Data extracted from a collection
* * *
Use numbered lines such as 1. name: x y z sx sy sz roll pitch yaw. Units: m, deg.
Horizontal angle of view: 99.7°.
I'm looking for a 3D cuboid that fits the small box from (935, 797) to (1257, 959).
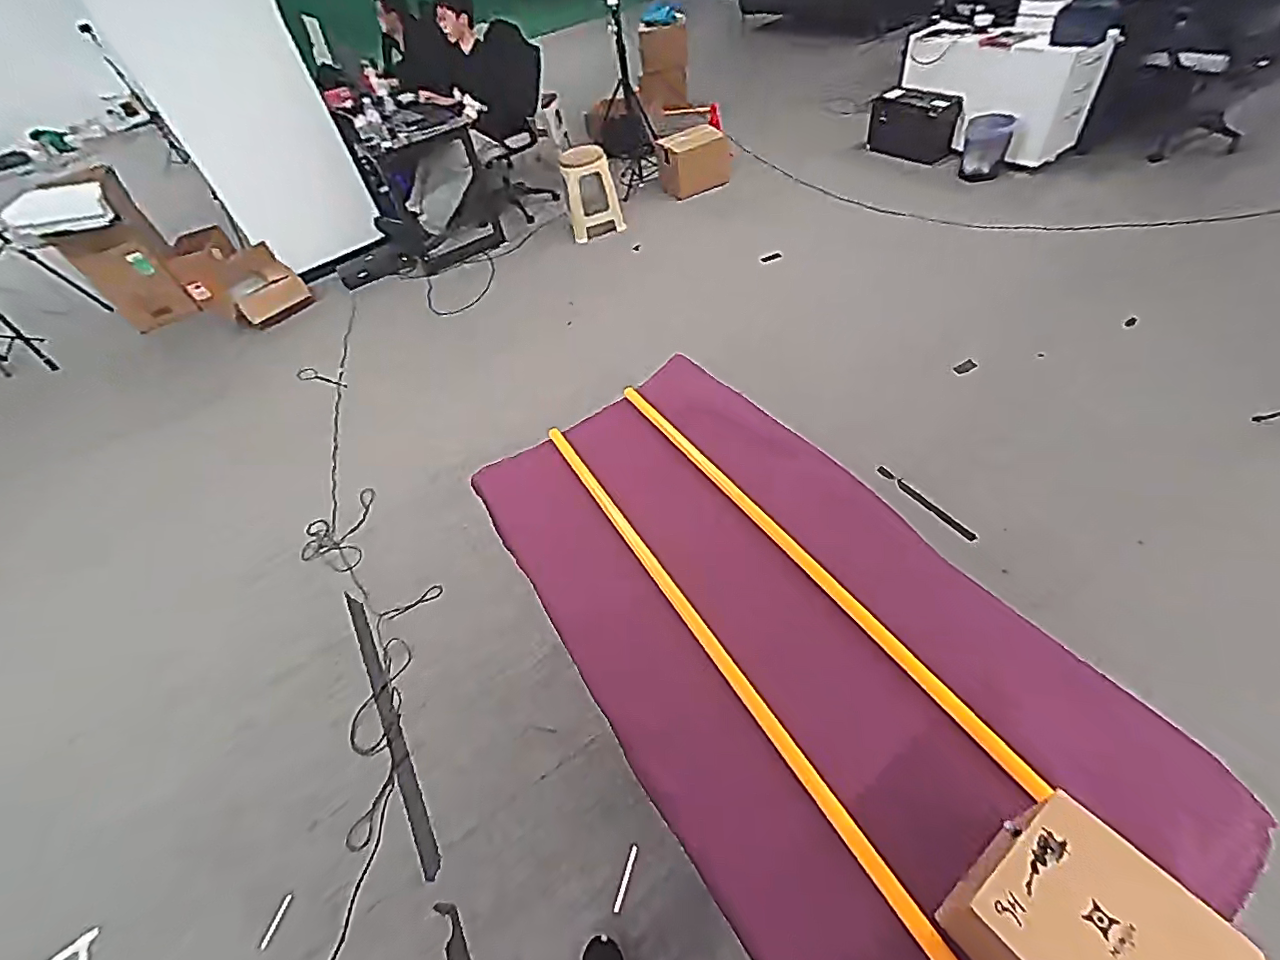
1. small box: 0.448 0.475 0.559 0.168 0.176 0.179 -33 50 -17
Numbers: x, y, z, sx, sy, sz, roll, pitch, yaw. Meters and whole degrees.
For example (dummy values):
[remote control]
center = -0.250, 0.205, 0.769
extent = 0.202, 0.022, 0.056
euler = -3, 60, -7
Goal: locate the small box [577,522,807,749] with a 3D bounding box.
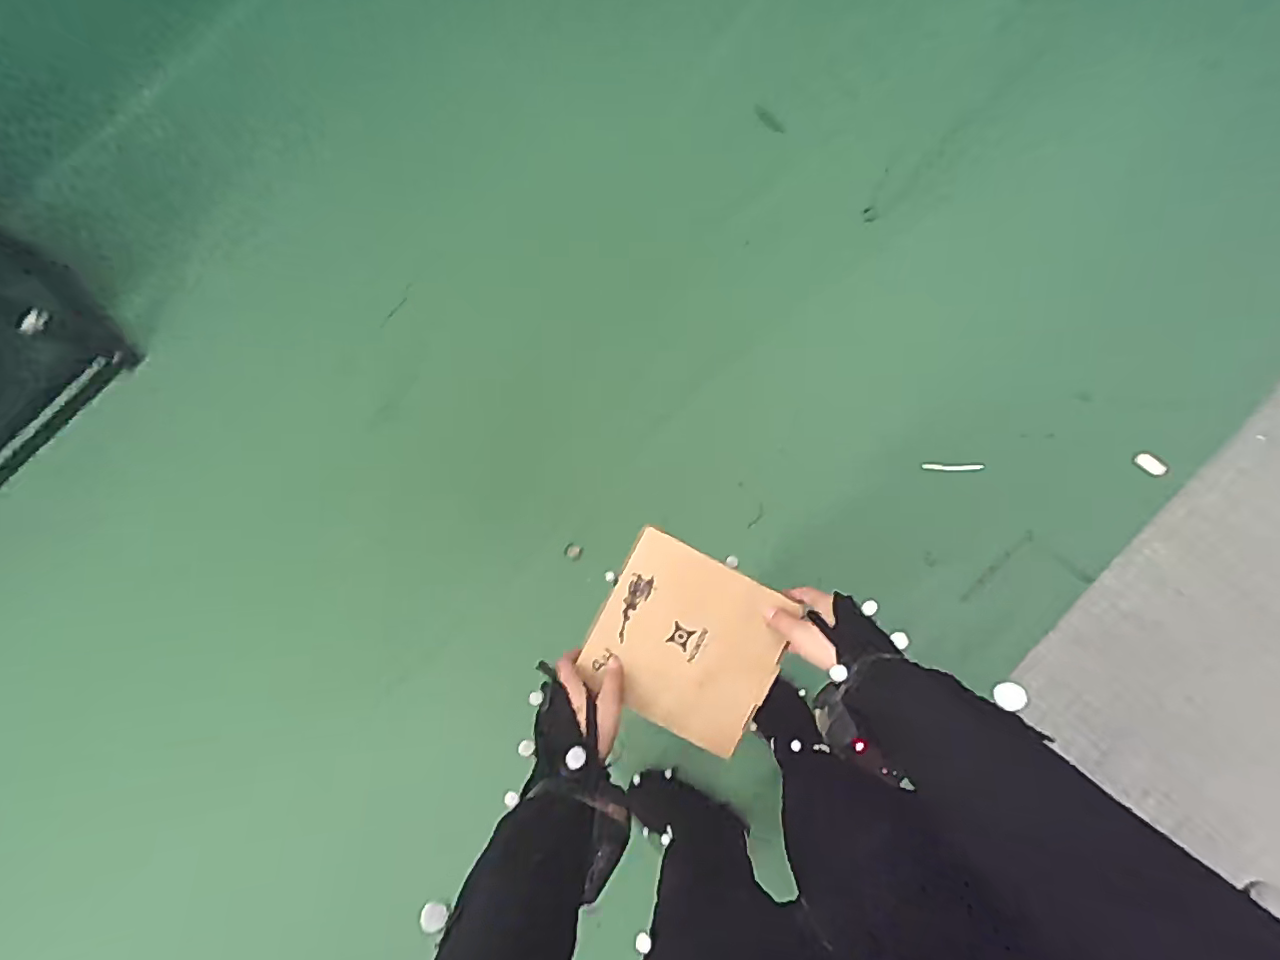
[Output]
[small box]
center = 0.051, 0.155, 0.607
extent = 0.179, 0.176, 0.168
euler = 29, 86, 2
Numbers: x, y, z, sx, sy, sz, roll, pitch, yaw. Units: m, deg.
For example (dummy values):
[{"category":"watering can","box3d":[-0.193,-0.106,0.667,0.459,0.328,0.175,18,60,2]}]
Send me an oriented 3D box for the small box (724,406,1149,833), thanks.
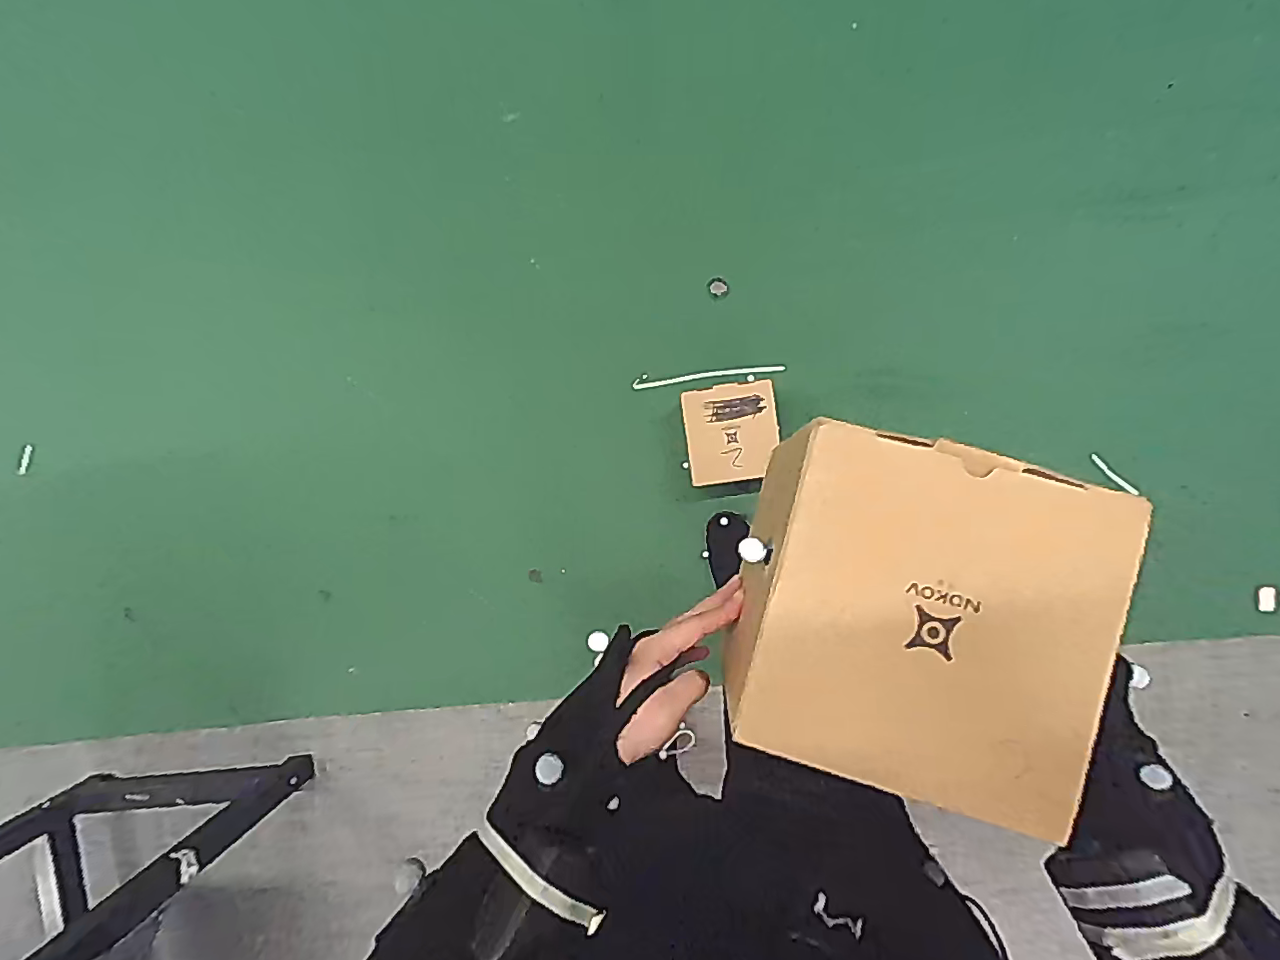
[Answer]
[{"category":"small box","box3d":[0.154,0.069,0.348,0.168,0.176,0.179,15,88,7]}]
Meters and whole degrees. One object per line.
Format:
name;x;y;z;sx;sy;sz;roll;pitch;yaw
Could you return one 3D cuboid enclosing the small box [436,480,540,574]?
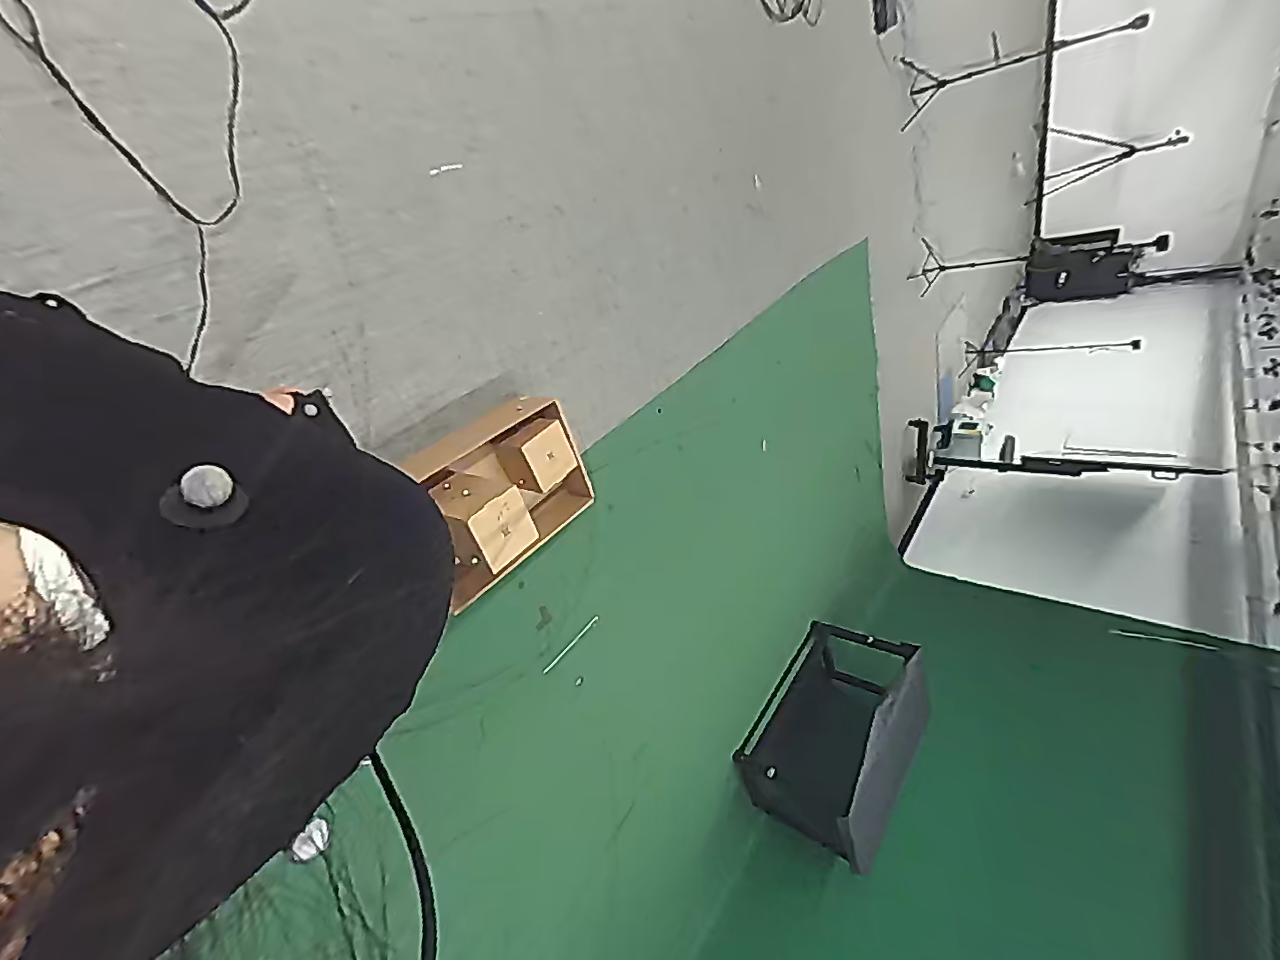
small box;-0.403;0.118;1.433;0.168;0.176;0.179;-42;126;-37
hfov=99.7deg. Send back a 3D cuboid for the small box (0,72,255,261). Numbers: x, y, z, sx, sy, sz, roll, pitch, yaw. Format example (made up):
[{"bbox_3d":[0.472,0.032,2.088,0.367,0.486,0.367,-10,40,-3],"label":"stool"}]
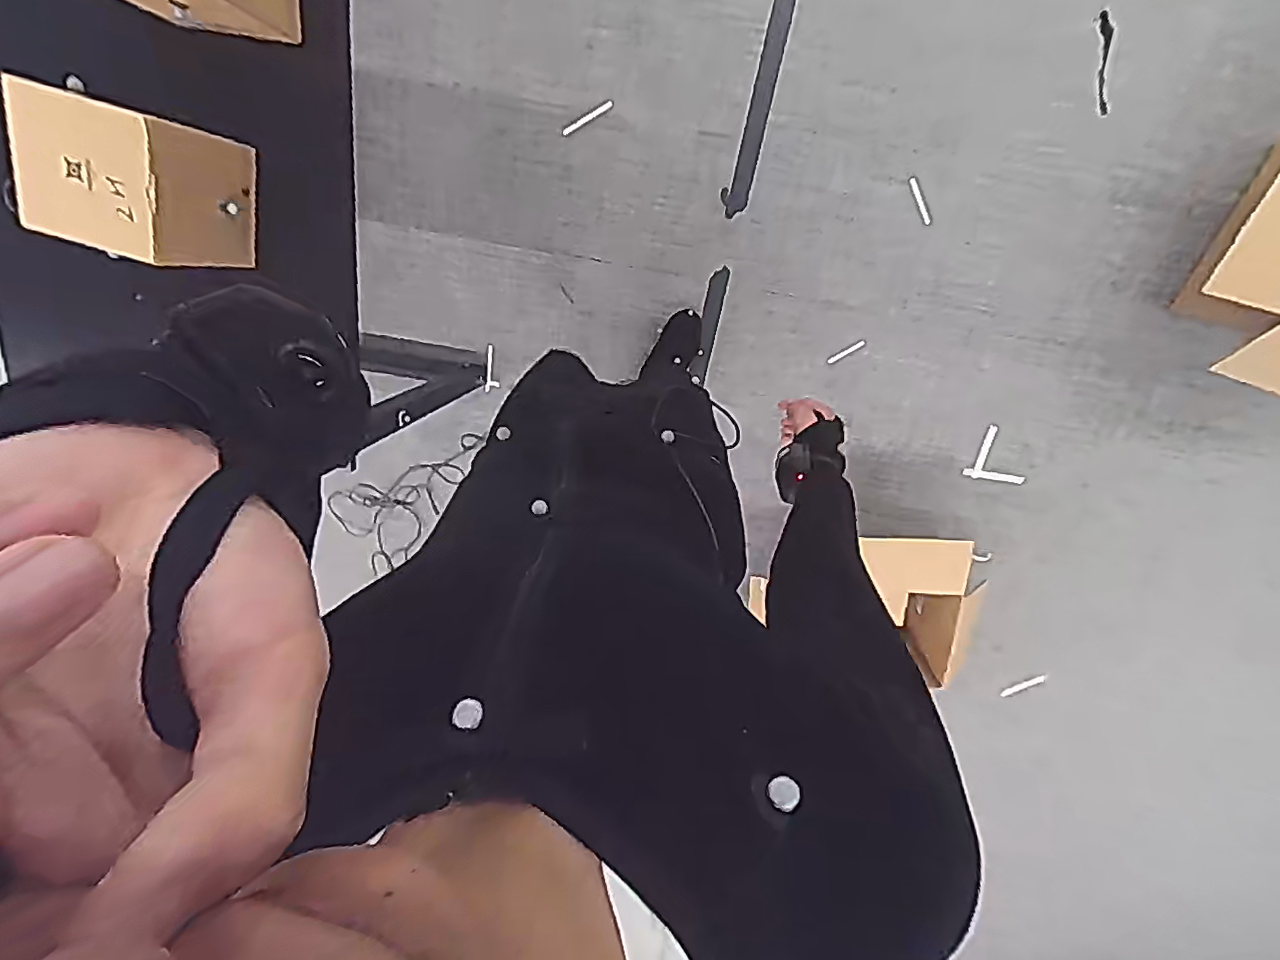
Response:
* * *
#### AIM OF THE TASK:
Transcribe the records above exactly, beginning at the line that contains "pitch, yaw. Units: m, deg." and ending with the line that contains "Send me an oriented", both included, and nothing else.

#### RESULT BELOW:
Numbers: x, y, z, sx, sy, sz, roll, pitch, yaw. Units: m, deg.
For example (dummy values):
[{"category":"watering can","box3d":[-0.193,-0.106,0.667,0.459,0.328,0.175,18,60,2]}]
Send me an oriented 3D box for the small box (724,406,1149,833), thanks.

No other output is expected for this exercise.